They'll run the Azure OpenAI APIs, they'll run our Azure infrastructure, and then, to your point, it's gonna be built into every Microsoft cloud-

Kevin Scott
EVP and CTO, Microsoft

Yeah.

Amy Hood
CFO, Microsoft

solution. Everyone.

Kevin Scott
EVP and CTO, Microsoft

Yeah.

Amy Hood
CFO, Microsoft

Whether it's announced or not announced, whether it's named Copilot or not, it'll be that same aspect. There'll be something that shows up that's AI-enabled. I think that's the reason this will be our sort of the next generation AI business will be the fastest growing $10 billion business in our history. I think I have that confidence.

Kevin Scott
EVP and CTO, Microsoft

Yeah.

Amy Hood
CFO, Microsoft

Because of the energy we're seeing.

Kevin Scott
EVP and CTO, Microsoft

Yeah, 100%. Like, the other thing, too, I will say, is that because it really is a very general platform, like, we have lots of different ways that, $10 billion of, you know, AI is gonna, like, first show up. There is, like, all of the people who want to come use our infrastructure.

Amy Hood
CFO, Microsoft

Yes.

Kevin Scott
EVP and CTO, Microsoft

... they're training their own models, whether they are, like, running an open source model they've got-.

Amy Hood
CFO, Microsoft

Yeah.

Kevin Scott
EVP and CTO, Microsoft

or whether they are, like, making API calls into, like, one of the big frontier models that we've built with OpenAI. You know, it's like all of these products, like, each of which has a slightly different potential for business model. Like, you know, the way that, you know, the way that we are-

Amy Hood
CFO, Microsoft

Yeah.

Kevin Scott
EVP and CTO, Microsoft

going to be able to, you know, just sort of monetize all of this, I think is really interesting.

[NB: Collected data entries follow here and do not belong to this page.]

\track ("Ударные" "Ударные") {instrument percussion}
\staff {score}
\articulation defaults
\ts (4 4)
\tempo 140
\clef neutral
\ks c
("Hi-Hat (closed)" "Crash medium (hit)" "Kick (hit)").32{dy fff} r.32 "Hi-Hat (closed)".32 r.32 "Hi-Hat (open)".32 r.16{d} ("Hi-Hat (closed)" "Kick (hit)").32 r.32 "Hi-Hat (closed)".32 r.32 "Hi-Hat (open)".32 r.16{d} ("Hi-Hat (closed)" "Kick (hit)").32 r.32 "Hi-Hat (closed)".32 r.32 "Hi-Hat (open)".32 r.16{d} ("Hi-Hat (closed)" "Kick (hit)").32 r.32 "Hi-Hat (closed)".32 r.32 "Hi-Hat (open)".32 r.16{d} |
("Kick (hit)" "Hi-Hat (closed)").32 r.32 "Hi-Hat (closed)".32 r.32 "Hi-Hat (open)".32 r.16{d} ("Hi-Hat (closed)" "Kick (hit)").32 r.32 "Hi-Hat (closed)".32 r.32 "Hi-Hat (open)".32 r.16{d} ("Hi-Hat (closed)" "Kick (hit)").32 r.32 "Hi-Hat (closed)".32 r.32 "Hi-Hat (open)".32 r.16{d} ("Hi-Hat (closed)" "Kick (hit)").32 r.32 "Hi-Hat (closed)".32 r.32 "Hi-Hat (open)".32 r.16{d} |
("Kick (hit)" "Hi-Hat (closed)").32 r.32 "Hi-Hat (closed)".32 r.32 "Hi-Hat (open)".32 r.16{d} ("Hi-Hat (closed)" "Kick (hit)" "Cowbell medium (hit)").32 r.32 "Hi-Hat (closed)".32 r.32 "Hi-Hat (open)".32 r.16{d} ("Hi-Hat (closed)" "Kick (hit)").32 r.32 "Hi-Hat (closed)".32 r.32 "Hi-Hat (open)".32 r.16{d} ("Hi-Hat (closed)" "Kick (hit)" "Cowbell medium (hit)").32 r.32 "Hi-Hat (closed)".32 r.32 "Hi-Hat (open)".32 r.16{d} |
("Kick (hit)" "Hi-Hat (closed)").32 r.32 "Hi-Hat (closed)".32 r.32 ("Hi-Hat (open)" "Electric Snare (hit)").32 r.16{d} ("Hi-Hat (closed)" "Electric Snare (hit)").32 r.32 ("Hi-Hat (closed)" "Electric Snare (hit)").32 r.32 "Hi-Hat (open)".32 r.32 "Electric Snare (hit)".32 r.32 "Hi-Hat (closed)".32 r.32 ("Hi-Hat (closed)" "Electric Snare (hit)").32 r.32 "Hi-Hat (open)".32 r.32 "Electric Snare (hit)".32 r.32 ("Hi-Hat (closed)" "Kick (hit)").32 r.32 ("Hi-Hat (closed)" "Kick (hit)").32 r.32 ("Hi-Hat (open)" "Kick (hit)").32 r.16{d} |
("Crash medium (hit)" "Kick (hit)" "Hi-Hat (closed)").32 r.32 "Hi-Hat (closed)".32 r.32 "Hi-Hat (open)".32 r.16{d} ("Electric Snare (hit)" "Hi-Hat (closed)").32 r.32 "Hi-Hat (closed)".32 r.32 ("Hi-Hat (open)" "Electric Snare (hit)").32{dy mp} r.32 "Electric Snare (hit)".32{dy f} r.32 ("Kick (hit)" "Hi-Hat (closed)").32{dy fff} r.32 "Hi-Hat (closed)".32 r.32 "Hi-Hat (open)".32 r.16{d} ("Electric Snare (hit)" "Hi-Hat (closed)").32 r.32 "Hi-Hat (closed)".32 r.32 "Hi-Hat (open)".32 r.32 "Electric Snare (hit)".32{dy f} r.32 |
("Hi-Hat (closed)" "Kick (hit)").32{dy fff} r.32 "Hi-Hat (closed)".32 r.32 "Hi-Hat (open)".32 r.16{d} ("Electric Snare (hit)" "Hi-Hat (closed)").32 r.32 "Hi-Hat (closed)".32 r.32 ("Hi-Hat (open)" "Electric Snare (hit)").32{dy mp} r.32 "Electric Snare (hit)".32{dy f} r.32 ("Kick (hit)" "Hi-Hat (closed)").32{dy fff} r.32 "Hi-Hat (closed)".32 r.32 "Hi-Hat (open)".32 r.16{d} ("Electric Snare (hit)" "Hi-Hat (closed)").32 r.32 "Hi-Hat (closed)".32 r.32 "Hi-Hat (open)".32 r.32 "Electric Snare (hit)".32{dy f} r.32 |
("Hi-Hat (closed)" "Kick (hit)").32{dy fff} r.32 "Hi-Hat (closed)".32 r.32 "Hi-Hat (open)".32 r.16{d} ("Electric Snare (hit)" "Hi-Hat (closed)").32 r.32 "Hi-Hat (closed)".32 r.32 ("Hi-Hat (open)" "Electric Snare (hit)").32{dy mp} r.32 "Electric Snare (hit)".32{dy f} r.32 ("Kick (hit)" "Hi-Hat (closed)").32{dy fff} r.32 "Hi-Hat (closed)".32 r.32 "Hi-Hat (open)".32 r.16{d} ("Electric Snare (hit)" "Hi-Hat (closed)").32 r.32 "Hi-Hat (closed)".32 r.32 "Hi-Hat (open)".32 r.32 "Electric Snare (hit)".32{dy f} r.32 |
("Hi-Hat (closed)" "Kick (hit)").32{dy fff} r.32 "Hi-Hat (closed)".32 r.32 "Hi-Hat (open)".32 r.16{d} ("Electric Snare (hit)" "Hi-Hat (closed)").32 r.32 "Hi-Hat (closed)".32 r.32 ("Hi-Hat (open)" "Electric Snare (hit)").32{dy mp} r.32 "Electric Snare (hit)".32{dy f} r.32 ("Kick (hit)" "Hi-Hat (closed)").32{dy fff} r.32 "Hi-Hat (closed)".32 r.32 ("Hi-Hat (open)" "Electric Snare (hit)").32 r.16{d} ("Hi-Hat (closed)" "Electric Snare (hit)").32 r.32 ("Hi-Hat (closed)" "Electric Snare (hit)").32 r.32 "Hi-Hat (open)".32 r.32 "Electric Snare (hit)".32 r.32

And, like, I'm excited for the developers even.

Amy Hood
CFO, Microsoft

Yes.

Kevin Scott
EVP and CTO, Microsoft

on top of this, because, like, we're probably gonna get some business models that, you know, haven't existed before in history. Like, we're gonna have business model innovation happening as well.

Amy Hood
CFO, Microsoft

Yeah. That's really been a hallmark of almost any big technology shift, is you both have technical transformation, platform transformation, and business model innovation. I think it is always exciting. Having lived through maybe the first transition to the cloud that you and I were around for, the second one, I think in some ways, people, investors ask me, "Gosh, well, I'm so worried about all the money it takes to invest in these." I try to remind people, as a company, we're in a very different spot. We're leading this cycle. We understand how to run at-scale cloud businesses, and you said something really important earlier, which is we've built a single platform from the ground up effectively, that's used consistently under every service.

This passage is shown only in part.